Index matching portfolio optimization with Solver
Index Matching Portfolio optimization
Active and passive investment management styles
How much value does a trader or investment manager bring to the table? In terms of alternates, an investor can simply invest in a market based index and let market performance dictate his returns. This has two benefits. First investing in the market index has no associated fees or costs other than the preset re-balancing every few weeks. Even if he opts for a managed market index based fund with fees, the level of fees charged for such products is significantly lower than that of an active investment fund manager.
Alternatively he can work with an active fund manager and come out ahead only if the fund manager is able to beat the market returns net of fees. An active fund manager adds value over the market by his research oriented sector allocation, security selection and market entry and exit decisions (timing). The best fund managers who can do this consistently (beat the market) year over year are rare. The simplest of performance test is the amount by which performance of an active fund manager surpasses that of the relevant benchmark index net of fees.
Index matching portfolio performances
Beating the Index is therefore a common challenge portfolio managers face. Matching performance with a passive or benchmark index on the upside, beating it on the downside. In some instances performance, compensation and market ranking is linked to the margin by which performance of an index is exceeded.
The Index matching problem can be addressed through two different approaches.
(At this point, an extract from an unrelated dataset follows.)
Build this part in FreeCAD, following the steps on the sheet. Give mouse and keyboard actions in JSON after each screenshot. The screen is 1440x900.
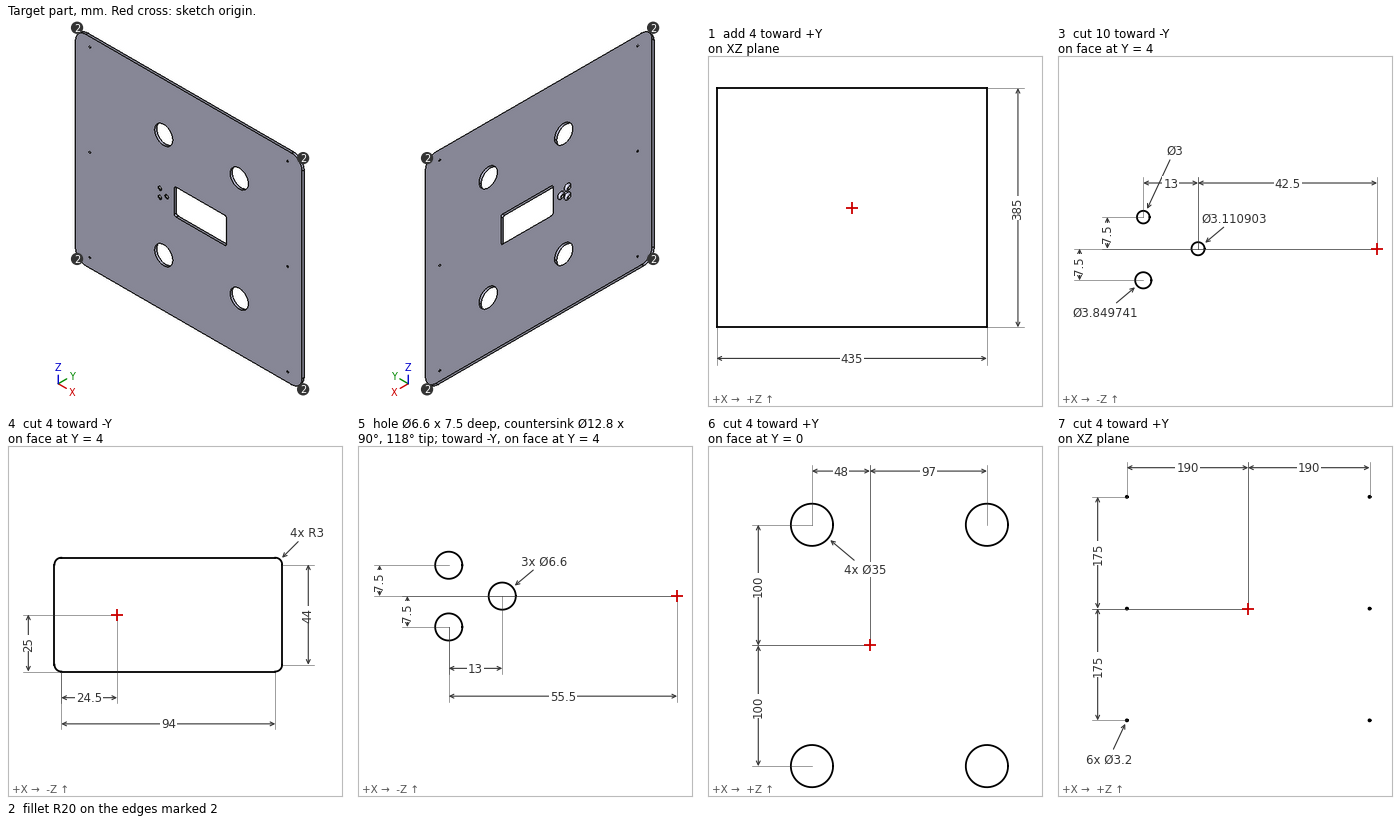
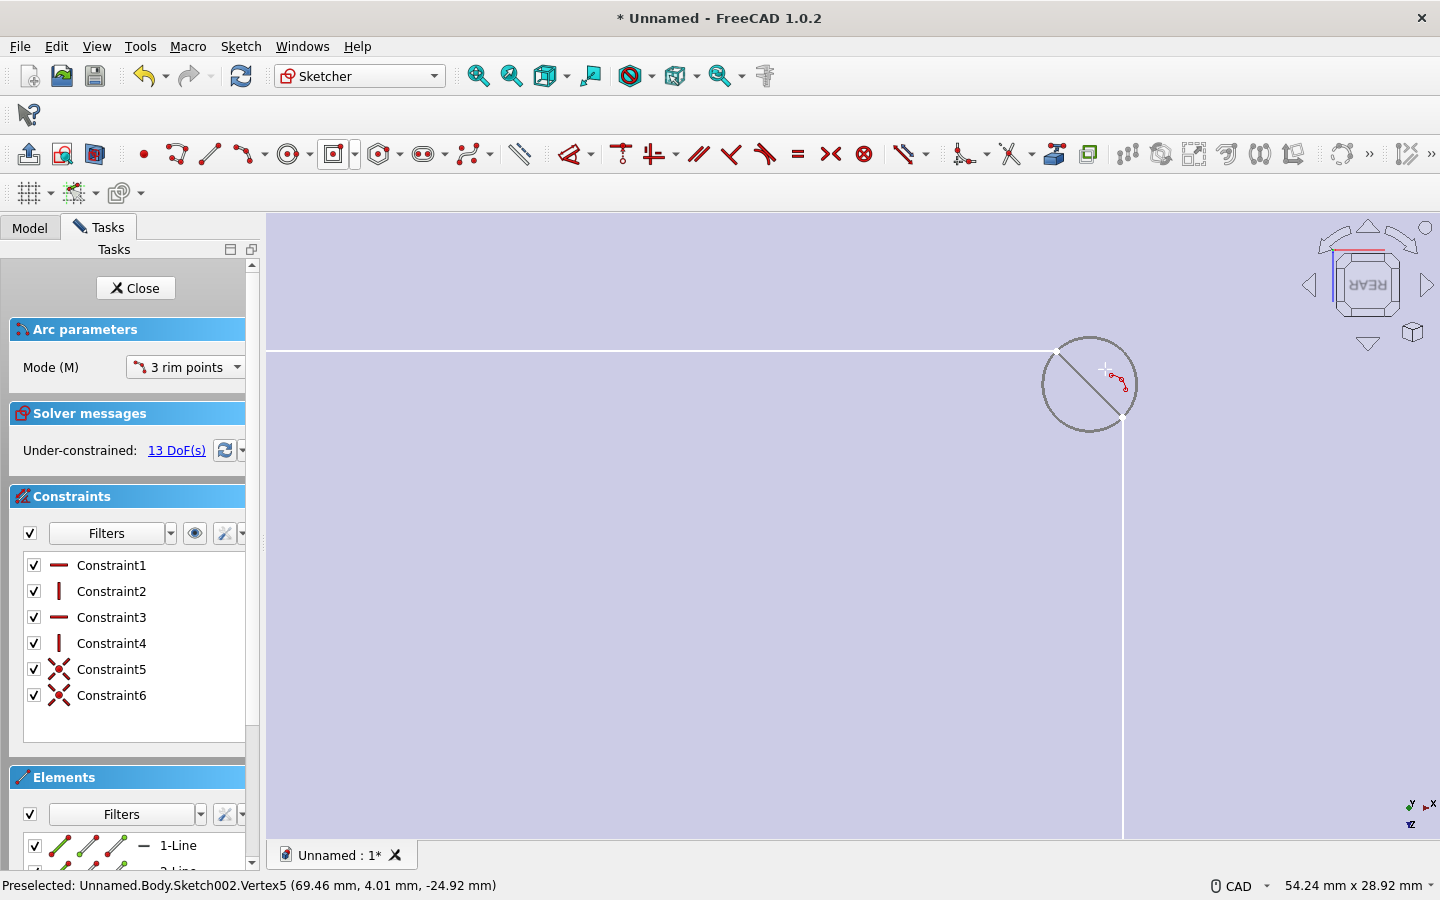
{"action": "left_click", "coordinate": [1103, 368]}

Both approaches try and match portfolio metrics with those of the Index over the length of the observation period. For instance, assume that our index matching criteria includes risk, average expected return, Beta and alpha. The matching problem states that we should beat the index return with lower standard deviation, matching Beta and higher Alpha.
The optimization problem would then simple match the average portfolio values of these metrics with that of the Index across the investment horizon. In the simplistic approach this would be done as a matching problem over a single observation period. In the more advance approaches we will break the observation period into time bands and attempt to match portfolio metrics with the index metrics over each time period.
A third variation of the same problem is the spicing up investment returns challenge. An insurance company or a pension fund, may be bound by the nature of its liabilities portfolio to only invest in long duration bonds. The investment policy document may specify a threshold which must be invested in a bond portfolio. However the investment manager, may be willing to take some exposure to other asset classes as long as they reduce his overall volatility, increase return or help him with the index matching problem.
We will try work with one variation of the index matching problem in this post. The other two are left as a problem set submission for students in the course.
How do we evaluate the effectiveness of our solution. We use two different data set. A construction period data set and an evaluation period data set. The construction period data set is used to create and construct our portfolio recommendations using solver.
The evaluation period is different from the construction period and is used to independently validate the success or failure of the investment strategy by using a separate dataset from a different period. The idea is to see how formulations perform under conditions which were not part of the original optimization data set.
As Index matching problems increase in complexity it is important to understand how Solver reaches an optimal solution. Solver looks for local minimums and maximums in the problem space and sometimes given the dimensions involved in the solution it gets trapped in a rut or a hole that does not represent the optimal solution. It helps to attack optimization problems from alternate perspectives to avoid the trapped in a rut state. Rather than formulating a complex problem from the very beginning start with simple formulations and then incrementally add complexity. This step by step marginal approach has a higher chance of reaching an optimal solution than a single solution design that requires solver to attack multiple constraints in one go.
Here are the results of our first optimization challenge where we try and match the performance of our portfolio with NASDAQ.
Index matching portfolio – NASDAQ
We match performance for NASDAQ using holding period returns for both single period as well as multiple time bands. We try three different variations. The first allows us to invest in NASDAQ as a security, the second without NASDAQ as a security and the third and final attempt that specifies Alpha of the portfolio be greater than double the expected Beta return.
The solver formulation for the final Alpha – Double Beta return variation is presented below.
Here are the results from the Solver suggested solution for the three different variations.
Scenario 1 – With NASDAQ as an investment security.
We allow investment into the index as an investment security. While this defeats the purpose of the original index matching exercise we still wanted to see how much of the optimal portfolio would get allocated to NASDAQ by Solver.
The surprise here is that NASDAQ allocation is limited to 5%. An invest in 5 tech stocks with a minor exposure to some bonds and commodity combination would have allowed you to beat NASDAQ in each of the holding period time bands specified by the problem set.
Holding period returns for scenario 1.
Scenario 2 – without NASDAQ as an investment security
We now remove NASDAQ as a possible investment. Solver reformulates the solution and limits it to just three securities that would have substantially out performed the Index over the initial two time bands.
Holding period returns
Scenario 3 – With Alpha required to be double Beta return
The objective here is to put some downside protection in place with the double Beta requirement.
How do the three different approaches fare in the post allocation evaluation period.
The real surprises are the results without NASDAQ and with double alpha variations. Two of the three variations beat the index using the evaluation period data set.